Bestattungskultur im Wandel – Wünsche rechtzeitig in der Familie klären

Vor sechs Jahren sorgte der Friedhofspfleger Jens Atmanspacher bei einer Podiumsdiskussion für Aufsehen. Er sprach vom Verfall der Bestattungskultur in Sachsen. Immer mehr Menschen würden hier in anonymen Massengräbern bestattet – denn nichts anderes seien die meisten Gemeinschaftsgräber. In diesem Zusammenhang diskutierte man damals auch über die Aufhebung des Friedhofszwangs. Wie hat sich die Lage in Sachsen seither entwickelt?

Wegzug und Abkehr von der Kirche

Nach Ende des zweiten Weltkrieges veränderte sich die Bestattungskultur in Sachsen beziehungsweise in ganz Ostdeutschland. Der damaligen DDR-Regierung war der Einfluss der Kirche ein Dorn im Auge. Aus ideologischen Gründen sah sich das kommunistische Regime gezwungen, die Religionsgemeinschaften zu verdrängen. Und das gelang ihm auch. Während 1945 noch über 90 Prozent der Ostdeutschen Kirchenmitglieder waren, zählten sich 1989 nur noch 25 Prozent dazu.

Bei den Bestattungen wurde aus verschiedenen Gründen der Trend zur Feuerbestattung unterstützt. Zum einen konnte man auf eine schon aus dem Kaiserreich herrührende Friedhofsreformbewegung zurückgreifen. Andererseits verstärkte die Mangelwirtschaft mit ihren fehlenden Ressourcen diesen Trend. Auch der Grabschmuck sollte sich dem Gleichheitsideal anpassen. Ziel war es, einheitliche Grabanlagen zu schaffen, auf denen es auch nach dem Tod keine Klassenunterschiede gab.
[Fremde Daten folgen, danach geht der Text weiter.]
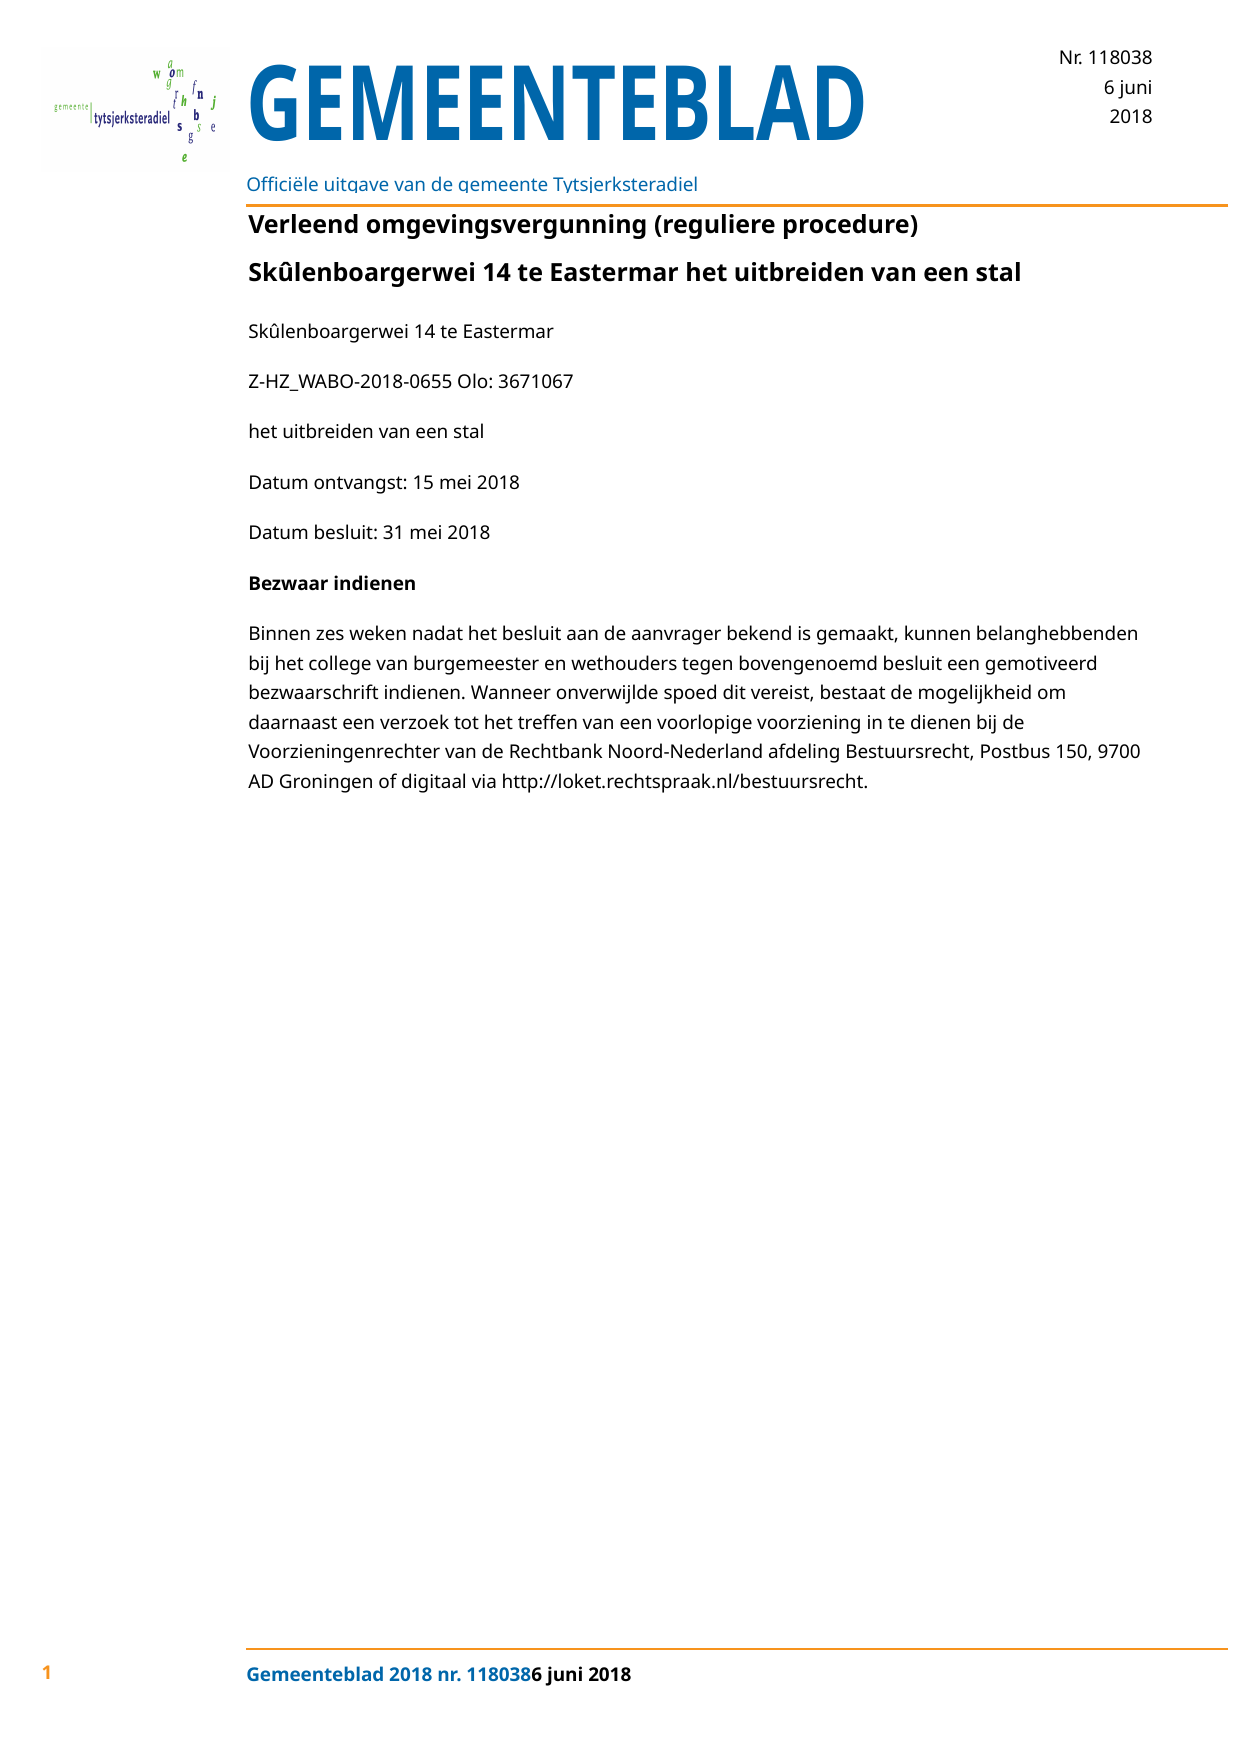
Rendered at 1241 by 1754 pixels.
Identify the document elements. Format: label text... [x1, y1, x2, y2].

picture [41, 47, 231, 172]
text Verleend omgevingsvergunning (reguliere procedure) Skûlenboargerwei 14 te Eastermar het uitbreiden van een stal [248, 207, 1152, 288]
text Datum besluit: 31 mei 2018 [248, 519, 1152, 545]
text Z-HZ_WABO-2018-0655 Olo: 3671067 [248, 368, 1152, 394]
text het uitbreiden van een stal [248, 419, 1152, 444]
text Bezwaar indienen [248, 570, 1152, 596]
text Binnen zes weken nadat het besluit aan de aanvrager bekend is gemaakt, kunnen belanghebbenden bij het college van burgemeester en wethouders tegen bovengenoemd besluit een gemotiveerd bezwaarschrift indienen. Wanneer onverwijlde spoed dit vereist, bestaat de mogelijkheid om daarnaast een verzoek tot het treffen van een voorlopige voorziening in te dienen bij de Voorzieningenrechter van de Rechtbank Noord-Nederland afdeling Bestuursrecht, Postbus 150, 9700 AD Groningen of digitaal via http://loket.rechtspraak.nl/bestuursrecht. [248, 620, 1152, 794]
text Datum ontvangst: 15 mei 2018 [248, 469, 1152, 495]
text Skûlenboargerwei 14 te Eastermar [248, 318, 1152, 344]

Auch wenn sich die Bestattungskultur unter dem Einfluss des SED-Regimes verändert hat, blieb eines gleich – die Anteilnahme von Familienangehörigen, Freunden und Bekannten im Todesfall. Der starke Zusammenhalt in der Gesellschaft ging über den Tod hinaus und bewies sich auch bei der Trauerfeier.

Nach der Wende änderte sich das. Durch die vermehrte Abwanderung in den Westen lösten sich die engen Familien- und Gemeinschaftsstrukturen auf. Fremde Menschen zogen in die umliegenden Wohnungen ein. Nachbarn kennen sich heute kaum mehr untereinander. Familien waren aufgrund der unterschiedlichen Lebensräume auseinandergerissen. Immer mehr Menschen versterben ohne Angehörige und Freunde in ihrer Nähe. Das ist laut Friedhofspfleger Atmanspacher eine wichtige Ursache für den enormen Anstieg von anonymen Bestattungen. Die Familien haben keine Zeit oder Muße, sich um Grabstätten zu kümmern, die Hunderte von Kilometern weit entfernt liegen. Der Trauerkartenspezialist Meine-Kartenmanufaktur.de fand bei der Auswertung seiner Statistiken heraus, dass von ihren Kunden in Ostdeutschland weniger Einladungen für Trauerfeiern geordert werden als aus Westdeutschland. Natürlich kann daraus nicht der direkte Schluss gezogen werden, dass generell in Sachsen weniger aufwendige Trauerfeiern abgehalten werden. Aber interessant ist der Hinweis dennoch.

In Dresden finden jedes Jahr rund 5.600 Beerdigungen statt. Beinahe 50 Prozent der Verstorbenen werden in Gemeinschaftsgräbern bestattet. 27 Prozent aller Toten werden anonym zur letzten Ruhe gebettet.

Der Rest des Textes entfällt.